The present invention is directed generally at controlling well head blow outs, and specifically to a rotating pressure control head having a rapid engagement mechanism and a replaceable and predictably deformable sealing element.
When the hydrostatic weight of the column of mud in a well bore is less than the formation pressure, the potential for a blowout exists. A blowout occurs when the formation expels hydrocarbons into the well bore. The expulsion of hydrocarbons into the well bore dramatically increases the pressure within a section of the well bore. The increase in pressure sends a pressure wave up the well bore to the surface. The pressure wave can damage the equipment that maintains the pressure within the well bore. In addition to the pressure wave, the hydrocarbons travel up the well bore because the hydrocarbons are less dense than the mud. If the hydrocarbons reach the surface and exit the well bore through the damaged surface equipment, there is a high probability that the hydrocarbons will be ignited by the drilling or production equipment operating at the surface. The ignition of the hydrocarbons produces an explosion and/or fire that is dangerous for the drilling operators. In order to minimize the risk of blowouts, drilling rigs are required to employ a plurality of different blowout preventers (BOPs), such as a rotating BOP, an annular BOP, a pipe ram, and a blind ram. Persons of ordinary skill in the art are aware of other types of BOPs. The various BOPs are positioned on top of one another, along with any other necessary surface connections such as nitrogen injection. The stack of BOPs and surface connections is called the BOP stack. A typical BOP stack is illustrated in FIG. 1.

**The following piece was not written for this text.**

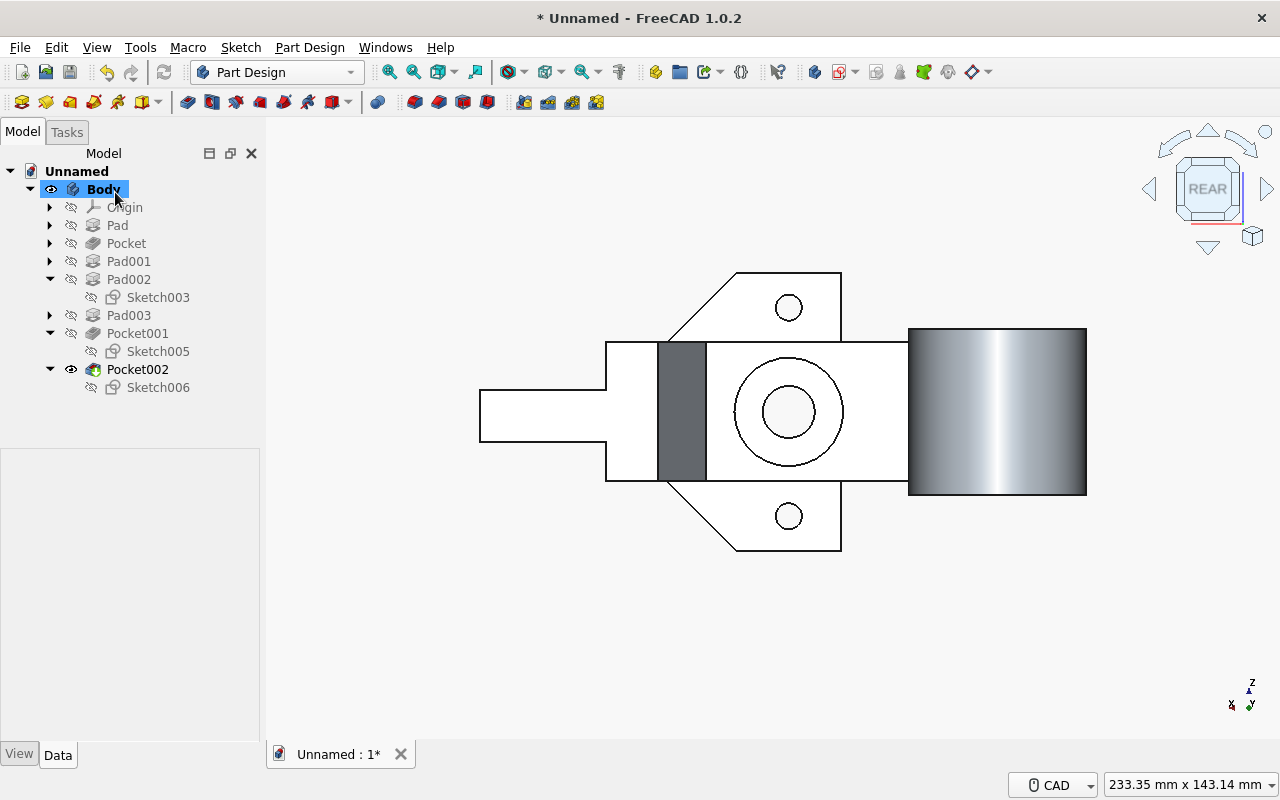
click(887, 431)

One of the devices in the BOP stack is a rotating BOP. The rotating BOP is located at the top of the BOP stack and is part of the pressure boundary between the well bore pressure and atmospheric pressure. The rotating BOP creates the pressure boundary by employing a ring-shaped rubber or urethane sealing element that squeezes against the drill pipe, tubing, casing, or other cylindrical members (hereinafter, drill pipe). The sealing element allows the drill pipe to be inserted into and removed from the well bore while maintaining the pressure differential between the well bore pressure and atmospheric pressure. The sealing element may be shaped such that the sealing element uses the well bore pressure to squeeze the drill pipe or other cylindrical member. However, most rotating BOPs utilize some type of mechanism, typically hydraulic fluid, to apply additional pressure to the outside of the sealing element. The additional pressure on the sealing element allows the rotating BOP to be used for higher well bore pressures.
Prior art rotating BOPs have several drawbacks. One of the drawbacks is that the rotation of the drill pipe wears out the sealing element. The passage of pipe joints, down hole tools, and drill bits through the rotating BOP causes the sealing element to expand and contract repeatedly, which also causes the sealing element to become worn. When the sealing element becomes sufficiently worn, it must be replaced. Replacement of the sealing element can only occur when the drilling operations are stopped. Repeated stoppages in the drilling operations lower productivity because the well takes longer to drill. Increased longevity of the sealing element would result in fewer replacements and, thus, less down time and increased productivity. Therefore, a need exists for a rotating BOP with a sealing element having increased longevity.
U.S. Pat. No. 6,129,152 (the '152 patent) to Hosie, entitled “Rotating BOP and Method” discloses the use of bearings to allow the sealing element to rotate with the drill pipe. The bearings are subject to wear due to rotation. Thus, a need exists in the art for a rotating BOP design in which the lifetime of the bearings for the rotating sealing element is increased.
Some prior art rotating BOP's use a large number of ball bearings to reduce wear. But a rotating BOP using ball bearings requires that the rotating BOP be removed from the drilling site in order to replace the ball bearings. Thus, the prior art replacement method is time consuming and results in additional down time at the drilling site. If the rotating BOP could be “swapped out” with another unit, the reduction in downtime would mean greater productivity. Therefore, a need exists for a rotating BOP that is interchangeable and that may be engaged and disengaged rapidly.
An additional problem encountered with prior art rotating BOPs, including the '152 patent rotating BOP, is that the vertical height of the sealing element is increased to allow the sealing element to withstand higher pressures. API standards require an annular BOP to be used in the BOP stack below the rotating BOP. In extreme cases, the BOP stack can reach thirty feet in height. Drilling engineers are constantly seeking ways to decrease the height of the BOP stack. Decreasing the height of the sealing element for a given pressure rating would decrease the height of the rotating BOP, and thus decrease the height of the BOP stack. Consequently, a need exists for a sealing element that is shorter than prior art sealing elements while maintaining the same pressure differential as the prior art sealing elements.